Mounted police in Quito advance on demonstrators protesting Ecuadorian President Lenín Moreno’s move to scrap fuel subsidies, in a clash near the government palace late Thursday.

Dolores Ochoa/AP

Large protests have triggered a state of emergency in Ecuador, after President Lenín Moreno moved ahead with his plan to end fuel subsidies. Moreno says he’s ending the “perverse” gasoline subsidy after 40 years because it was distorting Ecuador’s economy.

“I want to manifest that the measures we take together are completely firm,” Moreno said Thursday, declaring a “state of exception” — essentially, a state of emergency — after intense protests flared up. Moreno added that there is no chance to change policies now, “especially those related to a perverse subsidy that was causing harm to the country.”

The fuel plan, part of broader economic reforms, triggered anger and mass protests, with demonstrators facing off with police wearing riot gear in Quito and other cities.
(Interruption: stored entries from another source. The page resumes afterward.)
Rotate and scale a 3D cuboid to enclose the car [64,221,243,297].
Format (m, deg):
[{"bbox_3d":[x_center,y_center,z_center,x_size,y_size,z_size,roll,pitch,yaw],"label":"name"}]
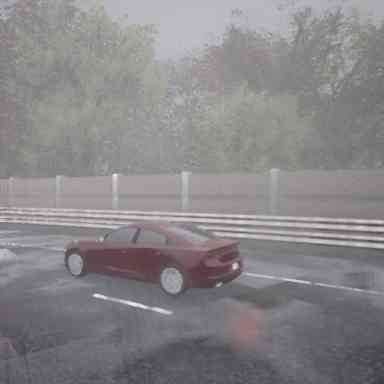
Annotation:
[{"bbox_3d":[-1.180,1.484,8.613,5.008,1.535,1.882,0,0,31],"label":"car"}]
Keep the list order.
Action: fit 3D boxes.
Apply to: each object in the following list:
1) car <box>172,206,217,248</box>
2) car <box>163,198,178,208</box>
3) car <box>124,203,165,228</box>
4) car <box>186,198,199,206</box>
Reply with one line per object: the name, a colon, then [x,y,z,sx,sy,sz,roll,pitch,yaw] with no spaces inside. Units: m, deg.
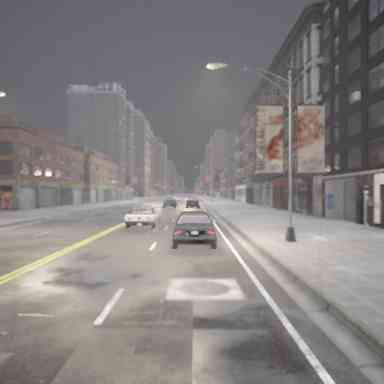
car: [0.095,1.574,14.868,2.033,1.411,5.357,0,0,0]
car: [-3.159,1.588,48.443,1.837,1.490,4.892,0,0,0]
car: [-3.156,1.640,22.174,1.895,1.301,4.718,0,0,0]
car: [0.091,1.563,49.760,1.882,1.535,5.008,0,0,0]
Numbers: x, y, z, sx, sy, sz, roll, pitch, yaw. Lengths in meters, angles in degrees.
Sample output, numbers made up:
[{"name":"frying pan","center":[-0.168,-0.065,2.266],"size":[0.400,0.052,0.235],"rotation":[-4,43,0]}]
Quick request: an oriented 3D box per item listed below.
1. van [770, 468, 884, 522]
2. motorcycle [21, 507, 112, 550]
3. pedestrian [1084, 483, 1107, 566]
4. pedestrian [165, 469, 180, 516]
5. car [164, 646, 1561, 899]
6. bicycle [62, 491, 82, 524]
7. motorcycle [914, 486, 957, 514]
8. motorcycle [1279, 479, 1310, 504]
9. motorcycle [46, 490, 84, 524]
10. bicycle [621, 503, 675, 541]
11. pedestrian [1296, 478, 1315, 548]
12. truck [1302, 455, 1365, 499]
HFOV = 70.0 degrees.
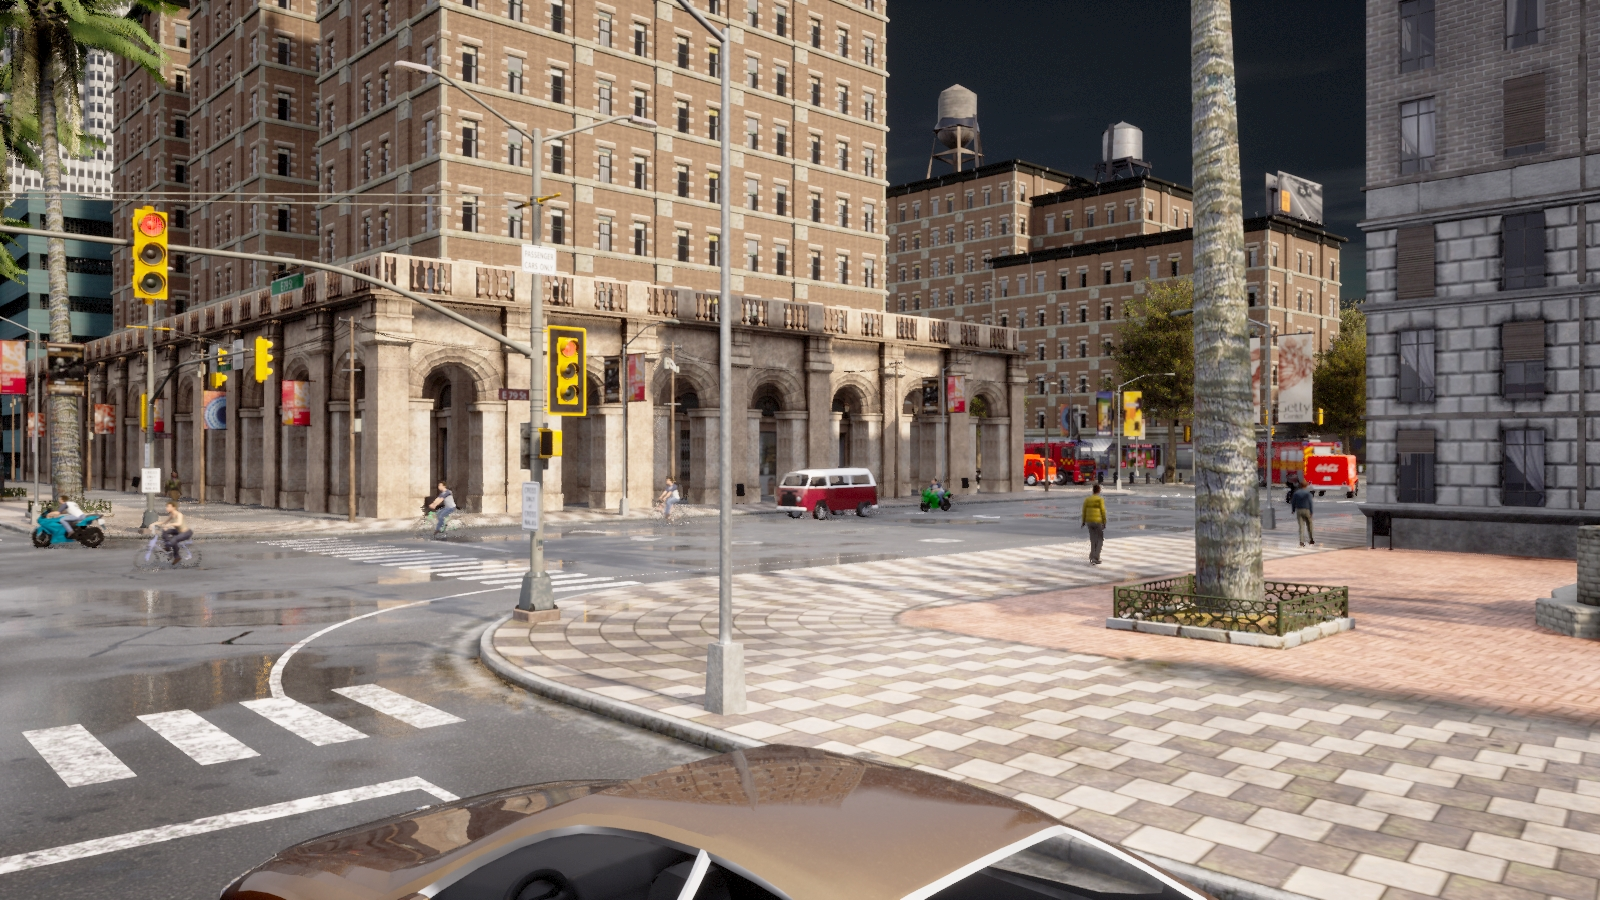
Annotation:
[{"name":"van","center":[1.142,1.781,46.608],"size":[4.480,2.038,2.069],"rotation":[0,0,-43]},{"name":"motorcycle","center":[-20.701,2.212,32.289],"size":[2.033,1.145,0.803],"rotation":[0,-1,-3]},{"name":"pedestrian","center":[6.763,1.696,26.151],"size":[0.375,1.860,0.375],"rotation":[0,0,42]},{"name":"pedestrian","center":[-24.927,1.697,45.403],"size":[0.375,1.860,0.375],"rotation":[0,0,33]},{"name":"car","center":[-0.308,1.992,4.309],"size":[5.027,1.651,2.152],"rotation":[0,0,42]},{"name":"bicycle","center":[-28.285,2.206,44.372],"size":[0.373,1.196,1.643],"rotation":[0,0,-42]},{"name":"motorcycle","center":[6.066,2.213,51.092],"size":[2.033,1.145,0.803],"rotation":[0,0,-43]},{"name":"motorcycle","center":[26.280,2.205,60.665],"size":[0.867,1.251,2.209],"rotation":[0,0,42]},{"name":"motorcycle","center":[-28.682,2.205,44.576],"size":[0.867,1.251,2.209],"rotation":[0,0,-42]},{"name":"bicycle","center":[-4.773,2.256,35.873],"size":[0.859,1.080,1.487],"rotation":[0,0,39]},{"name":"pedestrian","center":[13.714,1.696,31.011],"size":[0.375,1.860,0.375],"rotation":[0,0,42]},{"name":"truck","center":[31.805,1.561,68.015],"size":[2.627,2.467,5.204],"rotation":[0,0,34]}]
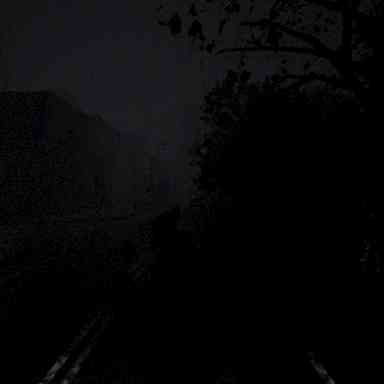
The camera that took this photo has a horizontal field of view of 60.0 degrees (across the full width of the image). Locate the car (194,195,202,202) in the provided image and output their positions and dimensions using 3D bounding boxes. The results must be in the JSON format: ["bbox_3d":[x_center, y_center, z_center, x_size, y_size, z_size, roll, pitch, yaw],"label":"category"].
[{"bbox_3d":[1.416,1.446,75.623,1.895,1.301,4.718,0,0,1],"label":"car"}]

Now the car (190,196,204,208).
[{"bbox_3d":[0.756,1.533,47.047,1.994,1.385,4.181,0,0,2],"label":"car"}]
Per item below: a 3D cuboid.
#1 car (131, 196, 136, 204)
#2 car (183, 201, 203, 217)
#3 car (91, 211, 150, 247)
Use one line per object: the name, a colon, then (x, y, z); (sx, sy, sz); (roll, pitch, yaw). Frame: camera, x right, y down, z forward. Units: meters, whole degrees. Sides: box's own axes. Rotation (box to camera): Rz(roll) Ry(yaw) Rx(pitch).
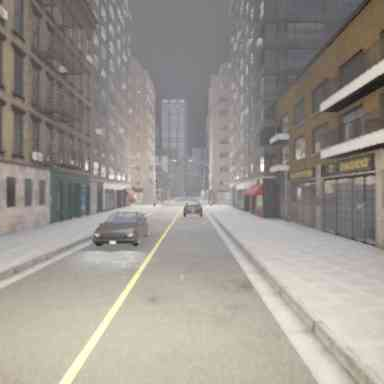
car: (-14.909, 1.707, 73.510); (5.009, 1.841, 2.192); (0, 0, 0)
car: (0.092, 1.650, 33.674); (2.128, 1.511, 4.902); (0, 0, 0)
car: (-3.101, 1.615, 15.704); (2.033, 1.411, 5.357); (0, 0, 0)

The intense protests and street clashes resulted in hundreds of people being arrested and 28 police officers injured, according to Reuters, which cites the government’s figures.

The news agency adds, “Diesel prices rose from $1.03 to $2.30 per gallon on Thursday, while gasoline rose from $1.85 to $2.39.”

Some roads remain blocked on Friday, after indigenous rights groups, students and unions all worked to shut down traffic and disrupt commercial activities, aided by truck, bus and taxi drivers.

On Friday morning, Interior Minister María Paula Romo announced that the national police have arrested Jorge Calderón, president of the Federation of Taxi Drivers of Ecuador — a group closely tied to the mass protests.

In addition to the impact on their livelihoods and pocketbooks, critics of Moreno’s fuel plan and other policies complain that austerity measures are being imposed on their country because of a multi-billion-dollar loan agreement with the International Monetary Fund.

In his response to the protests, Moreno accused the organizers of being in league with his political opponents and seeking to destabilize his government.